What to work on: Please copy each line of the records below that holds the word "Floor".

[Collection entries]
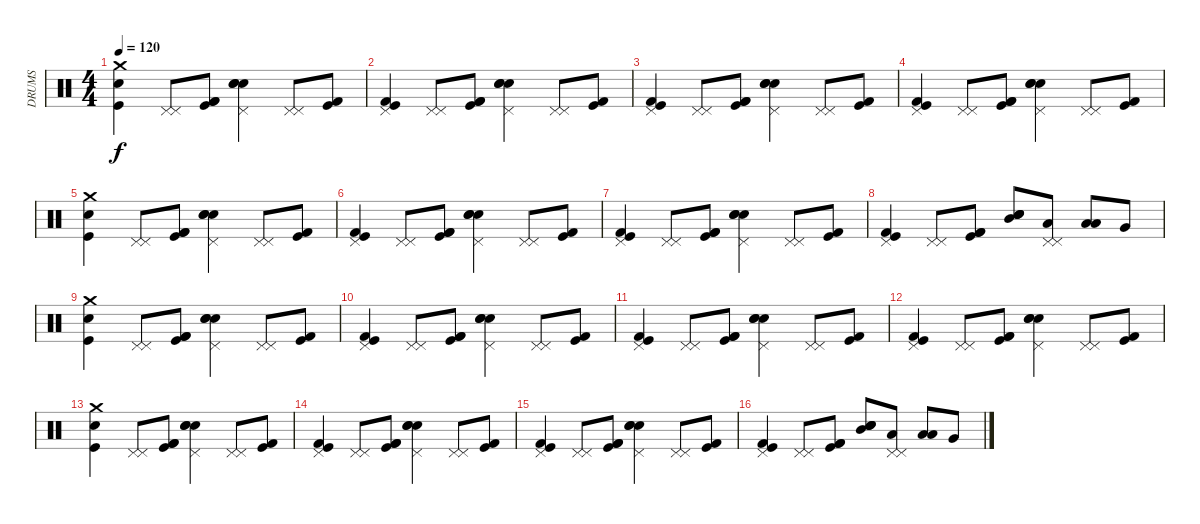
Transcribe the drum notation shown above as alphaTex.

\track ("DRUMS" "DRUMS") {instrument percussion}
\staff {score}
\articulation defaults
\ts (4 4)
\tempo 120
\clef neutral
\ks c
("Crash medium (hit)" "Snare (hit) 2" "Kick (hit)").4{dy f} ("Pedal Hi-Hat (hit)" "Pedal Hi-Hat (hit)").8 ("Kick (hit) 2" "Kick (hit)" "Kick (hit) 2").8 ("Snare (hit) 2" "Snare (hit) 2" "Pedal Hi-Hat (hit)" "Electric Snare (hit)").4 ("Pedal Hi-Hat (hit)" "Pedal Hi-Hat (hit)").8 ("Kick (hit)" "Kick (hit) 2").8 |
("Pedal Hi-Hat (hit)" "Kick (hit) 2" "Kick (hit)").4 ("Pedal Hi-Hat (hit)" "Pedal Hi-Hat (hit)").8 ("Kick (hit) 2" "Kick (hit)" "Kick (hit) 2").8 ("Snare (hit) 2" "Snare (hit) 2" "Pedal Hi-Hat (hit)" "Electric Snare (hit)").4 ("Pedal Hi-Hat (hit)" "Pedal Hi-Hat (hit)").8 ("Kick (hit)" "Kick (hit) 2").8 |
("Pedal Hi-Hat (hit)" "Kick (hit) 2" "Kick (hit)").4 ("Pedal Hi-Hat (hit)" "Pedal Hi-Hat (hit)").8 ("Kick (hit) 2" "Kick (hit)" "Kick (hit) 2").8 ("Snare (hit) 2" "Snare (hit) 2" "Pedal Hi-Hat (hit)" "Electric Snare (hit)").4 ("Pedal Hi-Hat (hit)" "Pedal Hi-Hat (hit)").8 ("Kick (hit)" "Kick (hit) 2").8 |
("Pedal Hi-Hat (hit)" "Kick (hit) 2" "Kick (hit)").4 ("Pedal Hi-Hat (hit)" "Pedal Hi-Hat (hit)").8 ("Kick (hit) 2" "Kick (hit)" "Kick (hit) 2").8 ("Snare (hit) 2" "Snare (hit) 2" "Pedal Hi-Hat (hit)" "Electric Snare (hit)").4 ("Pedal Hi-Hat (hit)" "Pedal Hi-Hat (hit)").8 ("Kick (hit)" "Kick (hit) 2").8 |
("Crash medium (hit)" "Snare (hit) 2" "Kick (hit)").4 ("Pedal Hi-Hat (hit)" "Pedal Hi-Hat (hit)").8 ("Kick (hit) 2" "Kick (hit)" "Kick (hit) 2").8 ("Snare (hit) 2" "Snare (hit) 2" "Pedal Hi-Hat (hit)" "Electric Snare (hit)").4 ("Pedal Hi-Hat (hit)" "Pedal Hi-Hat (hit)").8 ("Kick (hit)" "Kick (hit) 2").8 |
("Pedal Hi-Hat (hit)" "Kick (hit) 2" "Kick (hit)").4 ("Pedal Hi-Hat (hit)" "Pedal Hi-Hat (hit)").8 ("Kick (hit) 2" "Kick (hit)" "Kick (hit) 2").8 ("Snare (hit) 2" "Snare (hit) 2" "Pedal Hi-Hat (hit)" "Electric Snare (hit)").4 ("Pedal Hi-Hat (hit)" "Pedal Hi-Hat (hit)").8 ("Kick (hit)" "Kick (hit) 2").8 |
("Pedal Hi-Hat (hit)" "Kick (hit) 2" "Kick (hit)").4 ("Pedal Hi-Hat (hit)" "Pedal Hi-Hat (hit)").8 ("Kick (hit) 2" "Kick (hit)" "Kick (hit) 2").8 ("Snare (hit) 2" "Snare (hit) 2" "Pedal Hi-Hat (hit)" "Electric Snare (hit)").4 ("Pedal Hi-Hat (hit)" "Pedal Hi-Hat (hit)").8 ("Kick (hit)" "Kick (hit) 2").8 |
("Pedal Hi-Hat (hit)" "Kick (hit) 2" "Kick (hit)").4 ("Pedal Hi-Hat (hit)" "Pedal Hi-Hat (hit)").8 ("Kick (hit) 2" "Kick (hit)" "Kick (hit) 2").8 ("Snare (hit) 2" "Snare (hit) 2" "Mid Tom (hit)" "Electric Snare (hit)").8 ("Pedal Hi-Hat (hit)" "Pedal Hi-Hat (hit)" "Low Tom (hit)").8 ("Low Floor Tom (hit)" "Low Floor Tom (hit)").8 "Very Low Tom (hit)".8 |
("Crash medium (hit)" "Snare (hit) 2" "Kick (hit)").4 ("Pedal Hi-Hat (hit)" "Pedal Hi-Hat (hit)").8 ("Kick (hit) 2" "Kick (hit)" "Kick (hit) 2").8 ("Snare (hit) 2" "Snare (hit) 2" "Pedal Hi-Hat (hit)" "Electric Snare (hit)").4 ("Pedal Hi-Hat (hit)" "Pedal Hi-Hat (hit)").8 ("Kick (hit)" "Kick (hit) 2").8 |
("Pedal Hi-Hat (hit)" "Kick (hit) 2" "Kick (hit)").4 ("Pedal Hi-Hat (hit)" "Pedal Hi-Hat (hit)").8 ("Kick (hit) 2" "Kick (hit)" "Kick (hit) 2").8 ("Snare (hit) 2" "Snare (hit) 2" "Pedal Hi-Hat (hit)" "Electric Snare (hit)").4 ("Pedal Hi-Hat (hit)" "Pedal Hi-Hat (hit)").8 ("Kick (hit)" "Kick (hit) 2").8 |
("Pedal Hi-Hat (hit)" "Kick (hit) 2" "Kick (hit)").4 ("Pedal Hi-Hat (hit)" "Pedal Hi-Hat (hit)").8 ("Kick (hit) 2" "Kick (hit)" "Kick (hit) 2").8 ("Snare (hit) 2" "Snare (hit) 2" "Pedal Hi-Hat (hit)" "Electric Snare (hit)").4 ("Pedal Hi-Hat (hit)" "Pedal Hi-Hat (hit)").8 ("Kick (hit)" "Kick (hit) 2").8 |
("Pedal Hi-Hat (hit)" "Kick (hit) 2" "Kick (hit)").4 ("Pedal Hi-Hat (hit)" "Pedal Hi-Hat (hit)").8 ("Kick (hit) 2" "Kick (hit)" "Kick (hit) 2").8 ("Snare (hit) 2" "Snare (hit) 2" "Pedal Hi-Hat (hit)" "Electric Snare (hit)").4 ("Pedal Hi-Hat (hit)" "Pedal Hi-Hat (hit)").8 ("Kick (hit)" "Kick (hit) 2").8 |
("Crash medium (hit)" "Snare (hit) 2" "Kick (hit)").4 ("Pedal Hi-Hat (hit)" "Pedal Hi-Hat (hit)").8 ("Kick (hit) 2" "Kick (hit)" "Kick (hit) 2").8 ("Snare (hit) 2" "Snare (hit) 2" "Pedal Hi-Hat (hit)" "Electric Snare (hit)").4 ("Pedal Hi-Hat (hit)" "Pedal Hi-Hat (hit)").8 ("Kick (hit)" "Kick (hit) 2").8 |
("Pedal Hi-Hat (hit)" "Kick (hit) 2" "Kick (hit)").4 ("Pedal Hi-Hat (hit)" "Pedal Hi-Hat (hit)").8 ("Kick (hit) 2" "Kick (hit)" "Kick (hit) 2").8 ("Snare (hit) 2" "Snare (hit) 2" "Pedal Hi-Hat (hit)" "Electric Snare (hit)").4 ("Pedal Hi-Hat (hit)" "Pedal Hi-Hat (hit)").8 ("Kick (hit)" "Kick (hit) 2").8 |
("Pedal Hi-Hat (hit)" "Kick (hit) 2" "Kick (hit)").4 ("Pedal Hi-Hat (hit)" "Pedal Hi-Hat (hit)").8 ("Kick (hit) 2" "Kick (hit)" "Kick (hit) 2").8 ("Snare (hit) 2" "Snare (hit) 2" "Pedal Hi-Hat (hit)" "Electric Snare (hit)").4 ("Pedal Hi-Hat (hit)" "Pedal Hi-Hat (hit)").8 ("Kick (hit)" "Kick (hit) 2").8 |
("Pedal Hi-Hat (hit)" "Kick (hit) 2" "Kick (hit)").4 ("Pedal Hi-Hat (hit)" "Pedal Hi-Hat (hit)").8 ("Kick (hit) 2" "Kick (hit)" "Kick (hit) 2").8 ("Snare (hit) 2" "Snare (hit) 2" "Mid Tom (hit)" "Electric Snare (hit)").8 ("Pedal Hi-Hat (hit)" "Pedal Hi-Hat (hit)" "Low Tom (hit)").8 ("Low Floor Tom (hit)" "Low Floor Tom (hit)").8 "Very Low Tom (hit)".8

Solution for this exercise:
("Pedal Hi-Hat (hit)" "Kick (hit) 2" "Kick (hit)").4 ("Pedal Hi-Hat (hit)" "Pedal Hi-Hat (hit)").8 ("Kick (hit) 2" "Kick (hit)" "Kick (hit) 2").8 ("Snare (hit) 2" "Snare (hit) 2" "Mid Tom (hit)" "Electric Snare (hit)").8 ("Pedal Hi-Hat (hit)" "Pedal Hi-Hat (hit)" "Low Tom (hit)").8 ("Low Floor Tom (hit)" "Low Floor Tom (hit)").8 "Very Low Tom (hit)".8 |
("Pedal Hi-Hat (hit)" "Kick (hit) 2" "Kick (hit)").4 ("Pedal Hi-Hat (hit)" "Pedal Hi-Hat (hit)").8 ("Kick (hit) 2" "Kick (hit)" "Kick (hit) 2").8 ("Snare (hit) 2" "Snare (hit) 2" "Mid Tom (hit)" "Electric Snare (hit)").8 ("Pedal Hi-Hat (hit)" "Pedal Hi-Hat (hit)" "Low Tom (hit)").8 ("Low Floor Tom (hit)" "Low Floor Tom (hit)").8 "Very Low Tom (hit)".8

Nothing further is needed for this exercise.